*TRY IT*
The word "provided" marks the lines to copy; find all of them in the entries below.

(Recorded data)
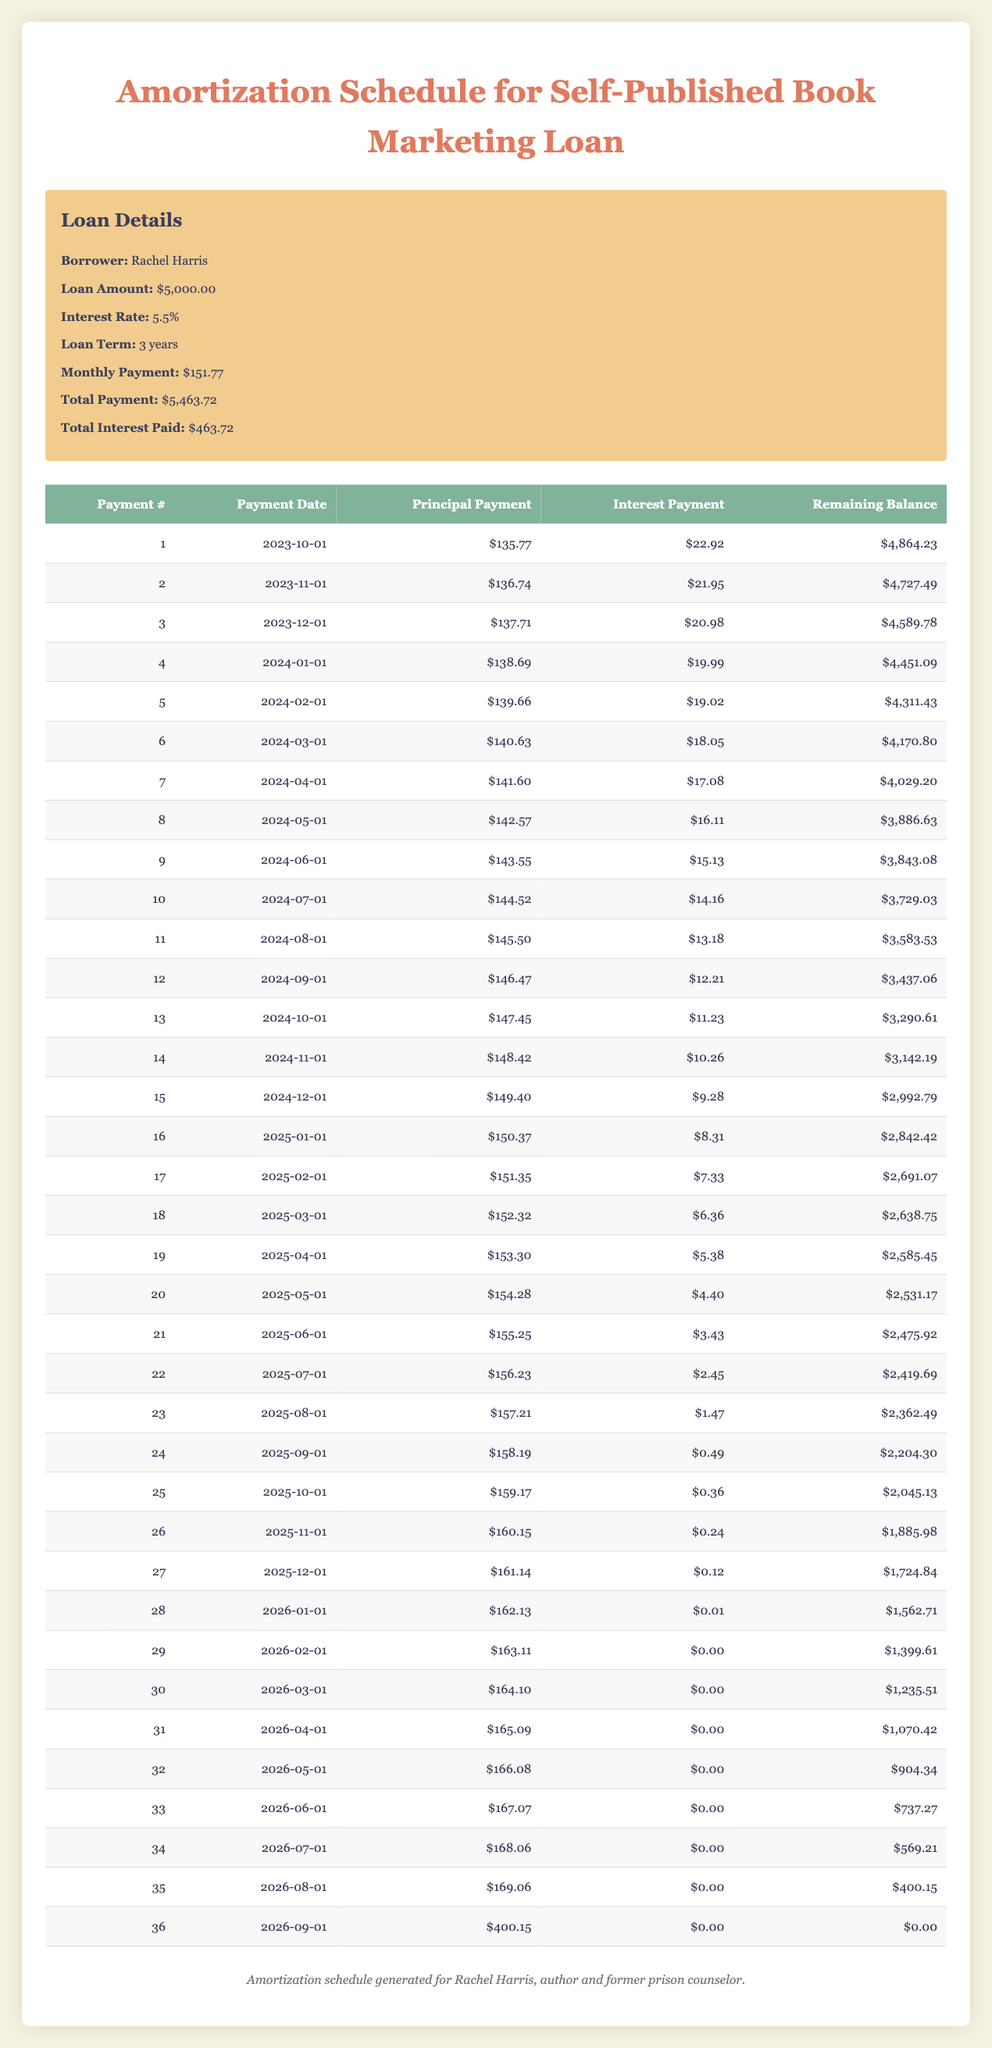What is the total amount paid in interest over the loan term? The total amount of interest paid is stated in the loan details as $463.72. This value does not require further calculations as it is given directly in the table.
Answer: 463.72 What is the monthly payment amount for this loan? The monthly payment amount is also provided in the loan details section of the table; it is stated as $151.77. This is a straightforward retrieval question since the value is right there in the table.
Answer: 151.77 How much was the principal payment in the third payment due on December 1, 2023? In the amortization schedule, for payment number 3, the principal payment specifically noted is $137.71. Thus, this value is extracted from the corresponding row directly without any additional calculation.
Answer: 137.71 What is the remaining balance after the 10th payment? The remaining balance after the 10th payment is stated in the amortization schedule as $3,729.03. This is directly referenced from the corresponding line of the table, making it a simple retrieval question.
Answer: 3729.03 Which month had the lowest interest payment, and what was that amount? To find the month with the lowest interest payment, look through the interest payment column in the schedule. The lowest amount is $0.00, which occurs during the 29th and 30th payments on February 1, 2026, and March 1, 2026. This means the interest payment fell to zero in those months.
Answer: February 2026, 0.00 What is the difference in the principal payment amount between the 15th and 20th payments? From the amortization schedule, the principal payment for the 15th payment is $149.40 and for the 20th payment is $154.28. The difference is calculated as $154.28 - $149.40 = $4.88. Therefore, this represents the amount by which the principal payment increases between these two payments.
Answer: 4.88 Did Rachel make any payments that were less than $5 in interest? By examining the interest payment column, we can see that there were interest payments lower than $5. Specifically, payments 20, 21, 22, 23, 24, and 25 all had interest payments below $5, confirming this statement is true.
Answer: Yes What is the average principal payment across the first six payments? The principal payments for the first six payments are as follows: $135.77, $136.74, $137.71, $138.69, $139.66, and $140.63. To find the average, sum them up: $135.77 + $136.74 + $137.71 + $138.69 + $139.66 + $140.63 = $828.20, and then divide by 6. Thus, the average principal payment equals $828.20 / 6 = $138.03.
Answer: 138.03 When will Rachel complete her loan payments? By reviewing the amortization schedule, we see the last payment occurs on September 1, 2026, at which point the remaining balance reaches $0.00, indicating the loan will be fully paid off at this date.
Answer: September 1, 2026 
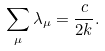<formula> <loc_0><loc_0><loc_500><loc_500>\sum _ { \mu } \lambda _ { \mu } = \frac { c } { 2 k } .</formula> 
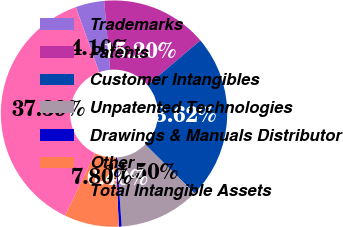Convert chart. <chart><loc_0><loc_0><loc_500><loc_500><pie_chart><fcel>Trademarks<fcel>Patents<fcel>Customer Intangibles<fcel>Unpatented Technologies<fcel>Drawings & Manuals Distributor<fcel>Other<fcel>Total Intangible Assets<nl><fcel>4.1%<fcel>15.2%<fcel>23.62%<fcel>11.5%<fcel>0.4%<fcel>7.8%<fcel>37.39%<nl></chart> 
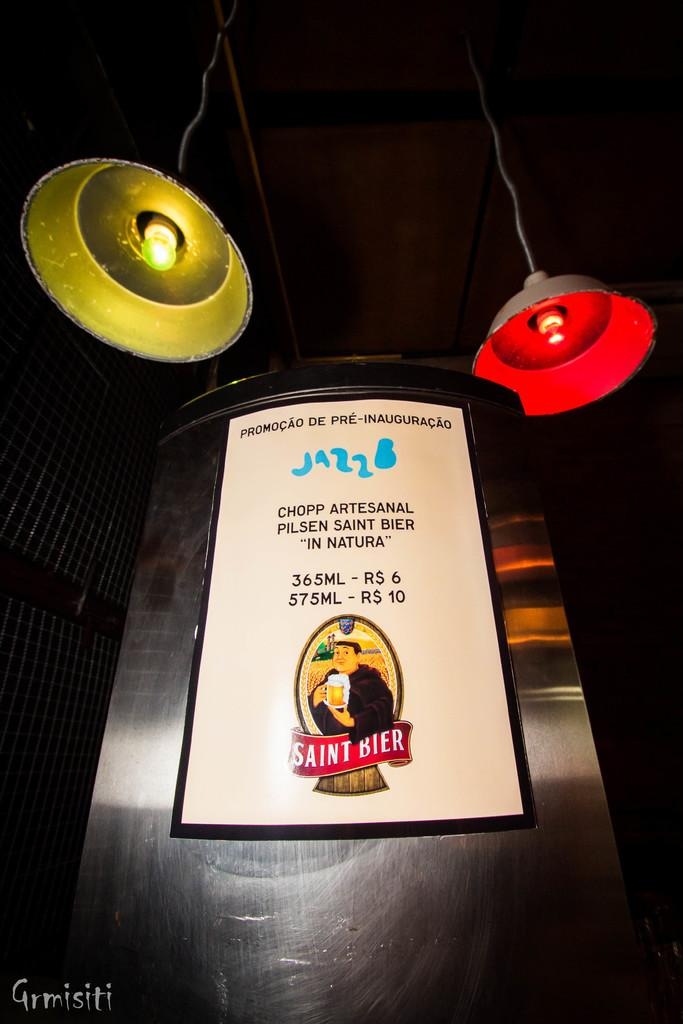<image>
Share a concise interpretation of the image provided. A large metal case has a Saint Bier sign on it. 
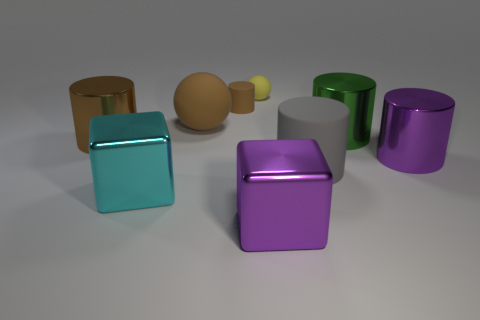Subtract all big cylinders. How many cylinders are left? 1 Subtract all purple cubes. How many brown cylinders are left? 2 Subtract 3 cylinders. How many cylinders are left? 2 Subtract all green cylinders. How many cylinders are left? 4 Subtract all green cylinders. Subtract all red blocks. How many cylinders are left? 4 Subtract all cubes. How many objects are left? 7 Add 4 brown rubber cubes. How many brown rubber cubes exist? 4 Subtract 1 green cylinders. How many objects are left? 8 Subtract all green metal cylinders. Subtract all tiny yellow balls. How many objects are left? 7 Add 9 cyan cubes. How many cyan cubes are left? 10 
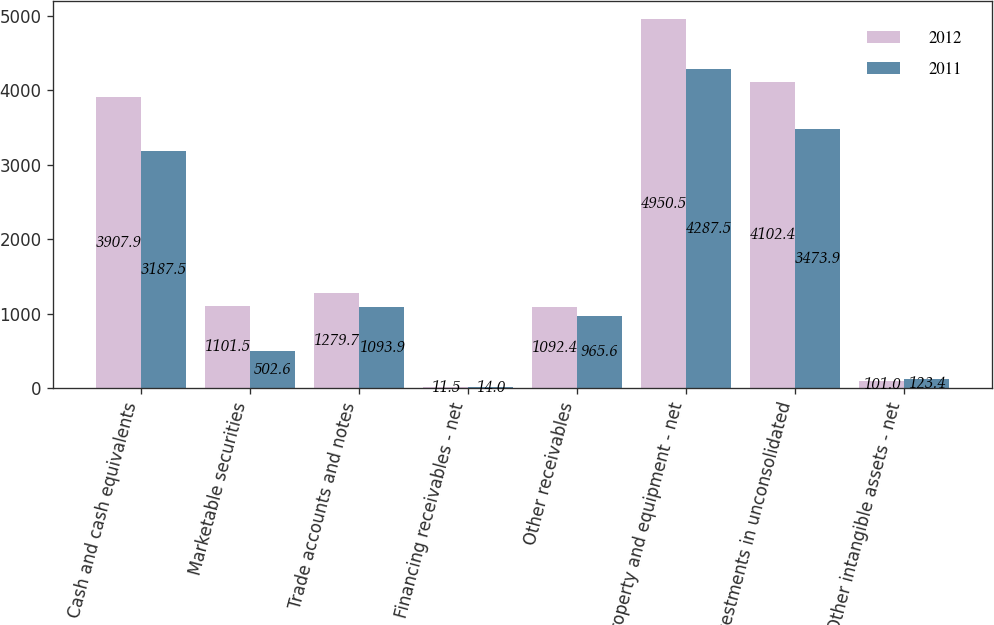Convert chart. <chart><loc_0><loc_0><loc_500><loc_500><stacked_bar_chart><ecel><fcel>Cash and cash equivalents<fcel>Marketable securities<fcel>Trade accounts and notes<fcel>Financing receivables - net<fcel>Other receivables<fcel>Property and equipment - net<fcel>Investments in unconsolidated<fcel>Other intangible assets - net<nl><fcel>2012<fcel>3907.9<fcel>1101.5<fcel>1279.7<fcel>11.5<fcel>1092.4<fcel>4950.5<fcel>4102.4<fcel>101<nl><fcel>2011<fcel>3187.5<fcel>502.6<fcel>1093.9<fcel>14<fcel>965.6<fcel>4287.5<fcel>3473.9<fcel>123.4<nl></chart>

*RESULT FOR THIS TASK*
Answer: 463.72 What is the monthly payment amount for this loan? The monthly payment amount is also provided in the loan details section of the table; it is stated as $151.77. This is a straightforward retrieval question since the value is right there in the table.
Share a concise interpretation of the image provided. A large metal case has a Saint Bier sign on it. 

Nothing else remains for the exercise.